Hi all, I've recently switched my "Hums" UPnP server over to using WAI/Warp, but I'm seeing quite high CPU usage compared to monadic I/O. (1-7% with WAI as opposed to 0-1% for monadic). (Just to be clear: The server is using a constant amount of memory, so it's definitely not leaking or anything like that.) I think the source of the efficiency problem is that I'm enumerating strict ByteStrings from a file, but the WAI response enumerator requires Builder chunks, so I'm forced to use "fromByteString" to convert between the strict ByteString representation and the Builder representation -- I'm assuming this performs a memory copy. Is there any way to avoid this extra "fromByteString"? Other than this little issue, WAI seems to be working very well and it seems like a great fit if you just want low-level access to the HTTP protocol. On a slightly related note: Is there an elegant way to map enumerator chunk elements from type a -> b using a mapping function? Right now, I've embedded the ByteString -> Builder conversion deep in my enumerator, but it should really be happening at a higher level. Cheers, Bardur

On Sun, Feb 20, 2011 at 11:04 AM, Bardur Arantsson
Hi all,
I've recently switched my "Hums" UPnP server over to using WAI/Warp, but I'm seeing quite high CPU usage compared to monadic I/O. (1-7% with WAI as opposed to 0-1% for monadic).
(Just to be clear: The server is using a constant amount of memory, so it's definitely not leaking or anything like that.)
I think the source of the efficiency problem is that I'm enumerating strict ByteStrings from a file, but the WAI response enumerator requires Builder chunks, so I'm forced to use "fromByteString" to convert between the strict ByteString representation and the Builder representation -- I'm assuming this performs a memory copy.
Is there any way to avoid this extra "fromByteString"?
blaze-builder is usually pretty intelligent about this. If I remember correctly, Simon Meier said that it won't do a memory copy for ByteStrings larger than 8k. In any event, if you want to force insertion instead of copying, replace fromByteString with insertByteString. It *might* be that the CPU overhead is warranted, however: you may end up seeing increased system call overhead with this switch, since the average chunk size will be smaller.
Other than this little issue, WAI seems to be working very well and it seems like a great fit if you just want low-level access to the HTTP protocol.
Good to hear, I'm glad it's working out.
On a slightly related note: Is there an elegant way to map enumerator chunk elements from type a -> b using a mapping function? Right now, I've embedded the ByteString -> Builder conversion deep in my enumerator, but it should really be happening at a higher level.
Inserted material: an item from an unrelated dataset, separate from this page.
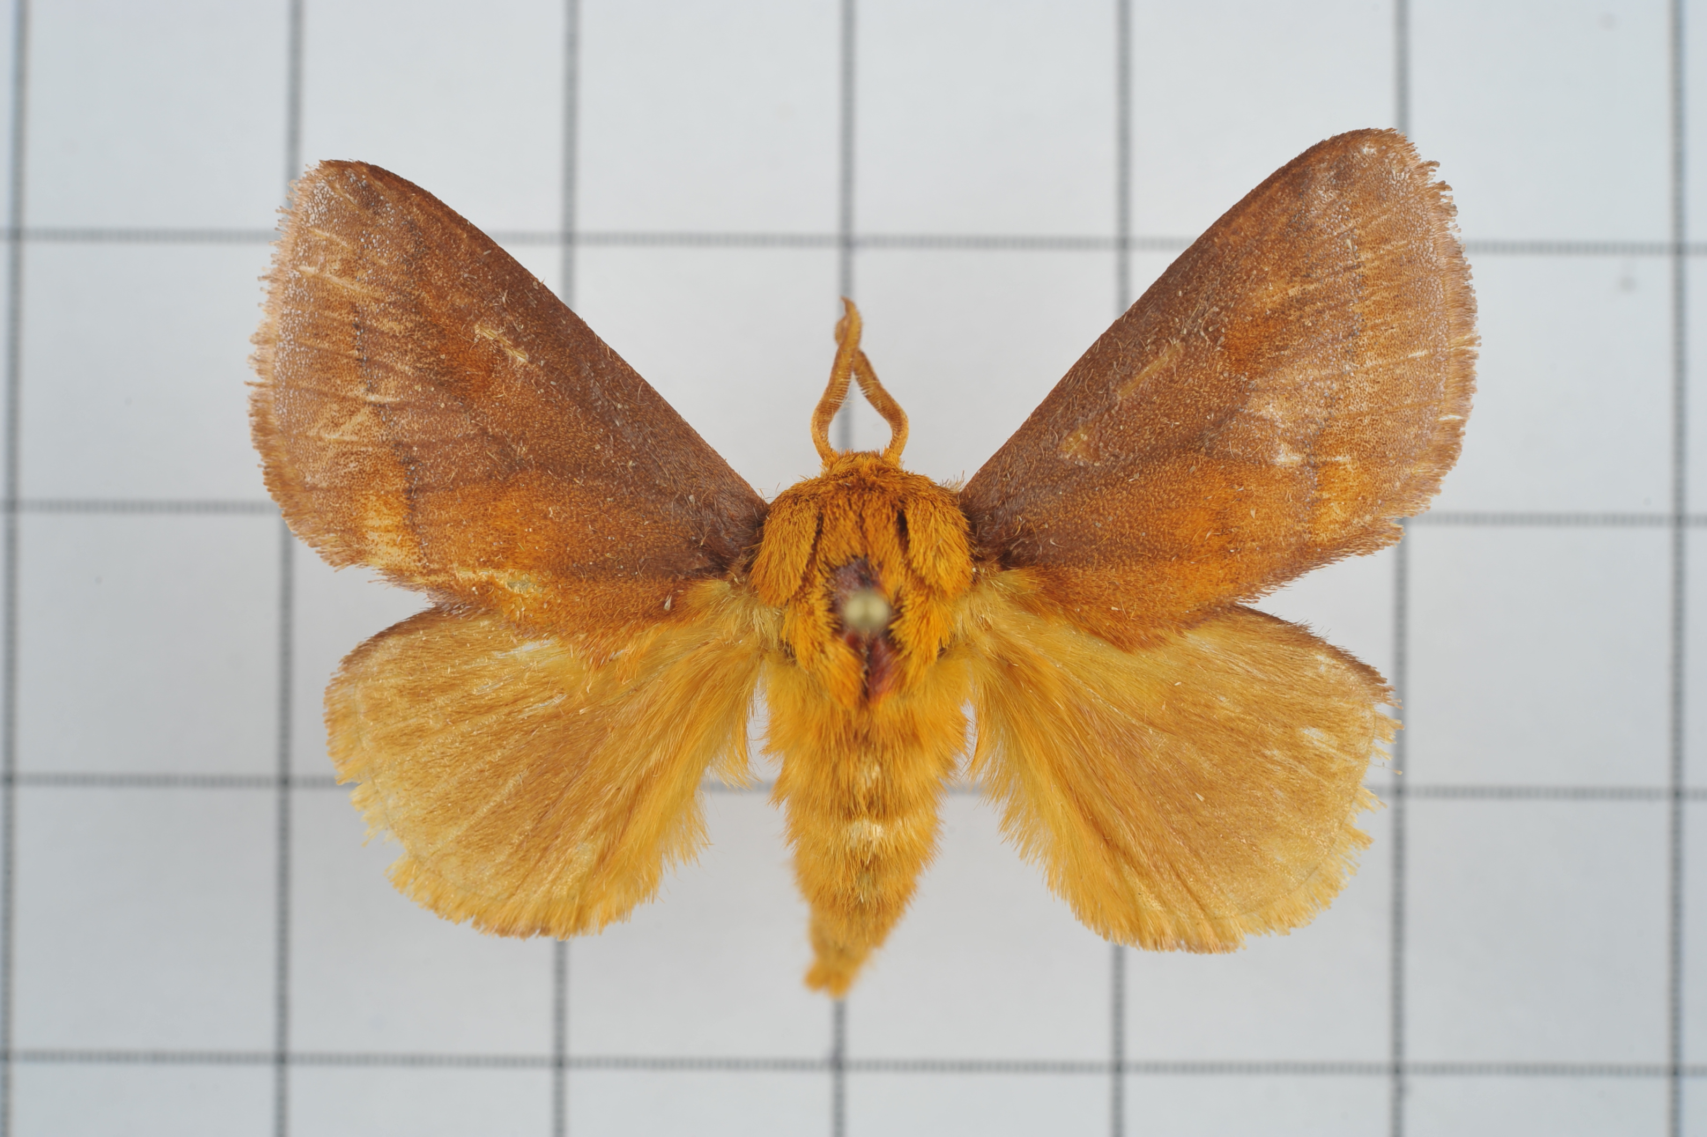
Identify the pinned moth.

Yes, Data.Enumerator provides a map enumeratee. You can use the enumeratee to either modify at enumerator or an enumeratee, eg: f :: a -> b e :: Enumerator a IO x i :: Iteratee b IO x e `joinE` map f :: Enumerator b IO x joinI $ map f $$ i :: Iteratee a IO x I hope that clarifies things. Michael

On 2011-02-20 10:29, Michael Snoyman wrote:
On Sun, Feb 20, 2011 at 11:04 AM, Bardur Arantsson
wrote: [--snip--] Is there any way to avoid this extra "fromByteString"?
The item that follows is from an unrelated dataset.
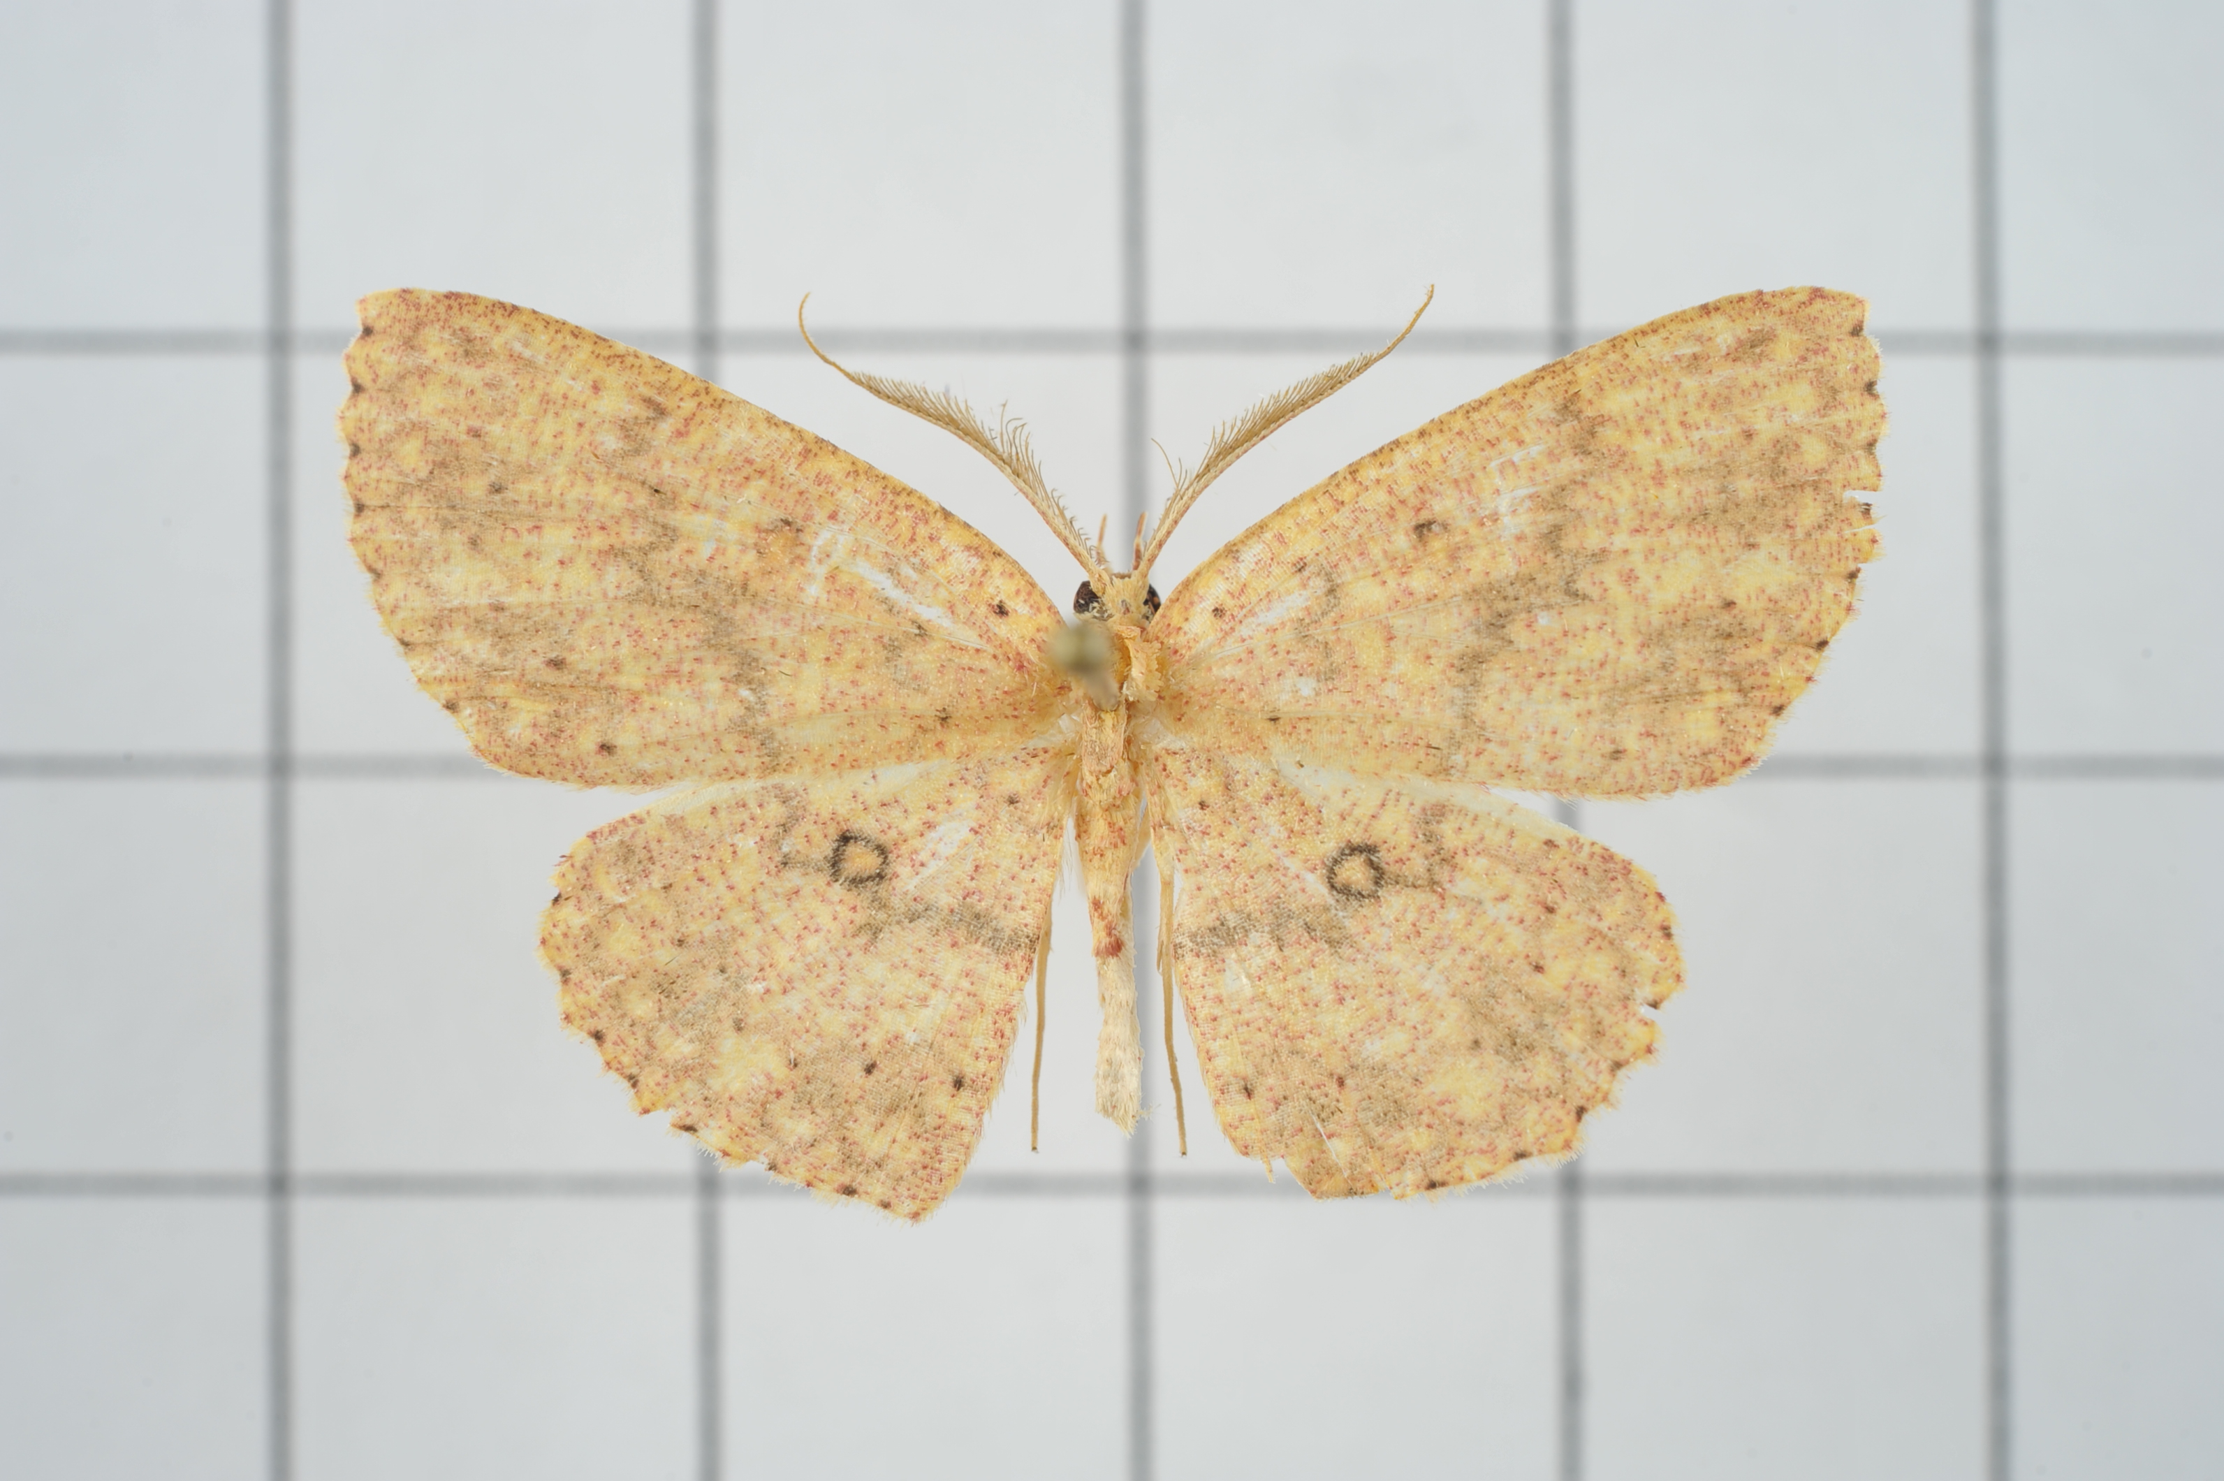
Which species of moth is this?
Cyclophora effeminata

blaze-builder is usually pretty intelligent about this. If I remember correctly, Simon Meier said that it won't do a memory copy for ByteStrings larger than 8k. In any event, if you want to force insertion instead of copying, replace fromByteString with insertByteString. It *might* be that the CPU overhead is warranted, however: you may end up seeing increased system call overhead with this switch, since the average chunk size will be smaller.
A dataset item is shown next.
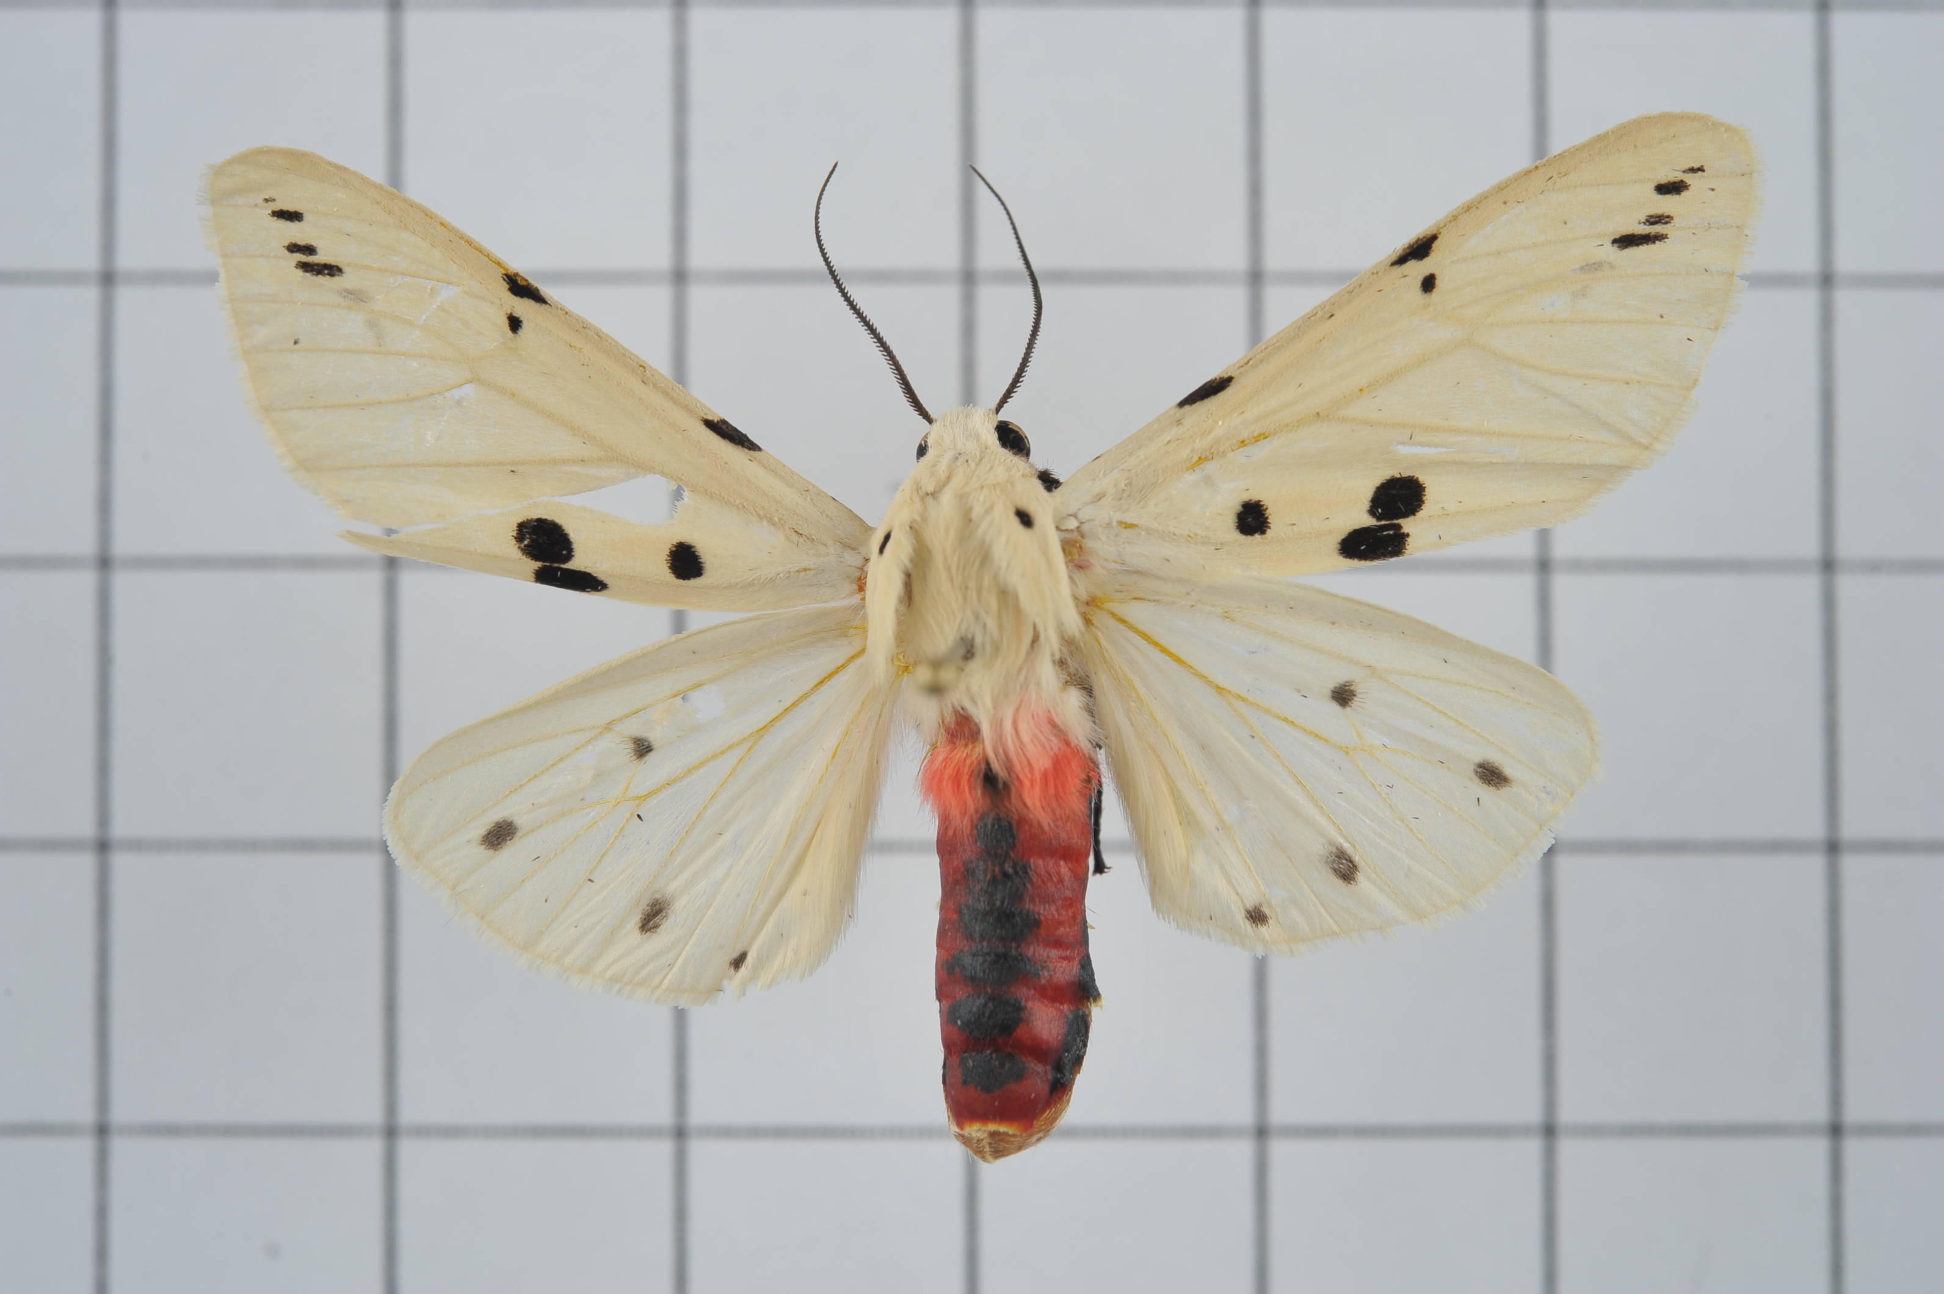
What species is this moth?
Spilarctia alba kikuchii

Good point; I just tried upping the chunk size to 32K and explicitly using insertByteString. Even with those changes I'm still seeing a lot of CPU usage (5-10%). I should say that I'm using a version of the enumFile enumerator from Data.Enumerator.Binary that I've adapted to support byte ranges. It may be the case that I've just done something horribly stupid or inefficient. I've attached the code for the enumerator. I guess I'll have to try to get some profiling data to see where the time is actually being spent. I suppose it's about time I learned a bit about profiling my Haskell code :). [--snip bits about enumerators--] Thanks for the explanation. For some reason I'm having a little trouble "connecting" all the type signatures for enumerator/iterator/iteratee. Hopefully it'll get better with practice. Cheers, Bardur

On Sun, Feb 20, 2011 at 12:00 PM, Bardur Arantsson
On 2011-02-20 10:29, Michael Snoyman wrote:
On Sun, Feb 20, 2011 at 11:04 AM, Bardur Arantsson
wrote: [--snip--]
Is there any way to avoid this extra "fromByteString"?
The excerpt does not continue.